ロシア正教会のキリル総主教が、ロシアによるウクライナ侵攻に高らかな祝福を与えたことで、世界中の正教会は分裂の危機に陥り、専門家から見ても前代未聞の反乱が正教会内部で生じている。写真はプーチン大統領(左)とキリル総主教。2020年2月、モスクワで撮影。提供写真(2022年 ロイター/Sputnik/Alexei Druzhinin/Kremlin)

日本国憲法は軍国主義の日本を世界との協力の中に再統合する貴重なステップだった。」藤原はという。でも、米国は「軍国主義」でもない国を非民主的だとあげつらい、民主化せよと外交政策、「浸透工作」を仕掛けてくる。カラー革命。

そもそも、藤原は、自由と民主主義を世界的に強引に進める米国を「デモクラシーの帝国」と認識しているはずだ。ロシアに限らず非西洋諸国は、アメリカ流の自由と民主主義を受け入れる必然性があるのか?アメリカ流の自由と民主主義を受け入れると起こることが、伝統社会の破壊である。この伝統社会の破壊から生じた人々が、ルサンチマンを抱き、戦争を選ぶことになっているのが、これまでの経験だ。

ところで、「日本国憲法は軍国主義の日本を世界との協力の中に再統合する貴重なステップだった。」はイラク戦争を正当化するネオコンの、イラク占領は日本モデルで!という発想に通じてはいないか?

■ 今週の瞬間風速

月曜日、順位が急上昇した。

■ 今週の追記;スピノザ モニュメント

愚記事:アムステルダム再訪; スピノザ像参拝での、このスピノザ像のアムステルダムでの位置を確認した。結構、中心部だった。

■ 今週の「悪質」な人物

本人に反省の色は見えず、その行為は極めて悪質である。
(1)不正行為に関与したと認定した研究者
・A (名古屋大学元大学院生)研究者番号:なし  名古屋大学、研究活動上の不正行為に関する調査結果について


https://sci-news.co.jp/topics/2414/  (科学新聞;「グラフェンナノリボン 1段階で精密合成成功」名大グループ)より

名古屋大は16日、トランスフォーマティブ生命分子研究所の伊丹健一郎教授の研究チームが発表した3本の論文に、多数の改ざんや捏造があったと明らかにした。
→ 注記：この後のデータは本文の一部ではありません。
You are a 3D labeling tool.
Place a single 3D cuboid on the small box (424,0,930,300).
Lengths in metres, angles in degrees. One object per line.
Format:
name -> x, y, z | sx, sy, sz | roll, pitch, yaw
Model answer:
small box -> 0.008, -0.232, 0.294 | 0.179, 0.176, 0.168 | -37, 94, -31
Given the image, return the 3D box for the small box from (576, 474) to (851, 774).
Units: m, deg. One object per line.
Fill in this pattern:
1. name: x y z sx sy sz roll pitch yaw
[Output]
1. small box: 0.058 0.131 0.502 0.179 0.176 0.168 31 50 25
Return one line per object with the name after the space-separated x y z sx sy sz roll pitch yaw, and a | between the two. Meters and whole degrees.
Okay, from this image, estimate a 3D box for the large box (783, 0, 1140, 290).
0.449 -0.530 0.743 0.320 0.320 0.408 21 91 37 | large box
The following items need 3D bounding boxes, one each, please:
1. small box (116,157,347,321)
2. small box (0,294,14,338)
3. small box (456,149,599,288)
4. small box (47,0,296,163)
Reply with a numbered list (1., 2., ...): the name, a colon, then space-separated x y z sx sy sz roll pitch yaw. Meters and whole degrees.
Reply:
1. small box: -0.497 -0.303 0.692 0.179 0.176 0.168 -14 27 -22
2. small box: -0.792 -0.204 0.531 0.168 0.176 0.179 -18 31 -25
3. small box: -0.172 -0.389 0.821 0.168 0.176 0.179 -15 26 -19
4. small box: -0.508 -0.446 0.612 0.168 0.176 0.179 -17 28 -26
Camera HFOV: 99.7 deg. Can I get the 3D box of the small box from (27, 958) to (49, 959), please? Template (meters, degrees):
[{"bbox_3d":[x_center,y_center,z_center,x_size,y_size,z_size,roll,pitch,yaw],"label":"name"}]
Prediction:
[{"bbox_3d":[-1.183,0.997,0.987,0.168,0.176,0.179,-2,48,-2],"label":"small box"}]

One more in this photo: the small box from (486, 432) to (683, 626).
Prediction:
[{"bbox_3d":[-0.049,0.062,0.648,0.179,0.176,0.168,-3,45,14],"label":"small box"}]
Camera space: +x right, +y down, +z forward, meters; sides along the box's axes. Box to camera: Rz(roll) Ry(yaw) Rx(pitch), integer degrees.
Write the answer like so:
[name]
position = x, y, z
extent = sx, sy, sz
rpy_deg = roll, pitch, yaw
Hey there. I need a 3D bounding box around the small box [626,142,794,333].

元大学院生が、実験データを加工して使い回すなど不正に関与したとしている。共同通信

この不正研究は、大学院生の丸ごと捏造という事例。Nature論文の図が「全て」捏造であると名古屋大学の調査報告書にある。

さて、関心がるのは、なぜこういう事件が起きるかということ。要因のひとつに研究室の主宰教授のアピールだ。こういう「宣伝」を見て、ちょっと「サイコパス」的人間が来るのかもしれない。Be unique! Go crazy! には苦笑せざるを得ない。

 

YouTube: 伊丹 健一郎教授(名大・理)「美しく、そしてすんごい分子を作りたい!」

それにしても、最大の問題は調査報告書でも指摘されている;

今回の研究不正については、GNR 合成の部分に責任をもつ伊藤准教授と伊丹教授が、再現実験の実行やデータに対する十分な吟味を行っていれば、その研究不正を見抜くことは十分に可能であったと考えられる。伊藤准教授は、A 元大学院生により近い立場で、実験結果の再現性の確認や、生データの検証をする注意義務を怠った。伊丹教授は、再現性の確認と生データの検証を伊藤准教授やA 元大学院生に日常的に指示し、これらが実行されていることを確認する注意義務を怠った。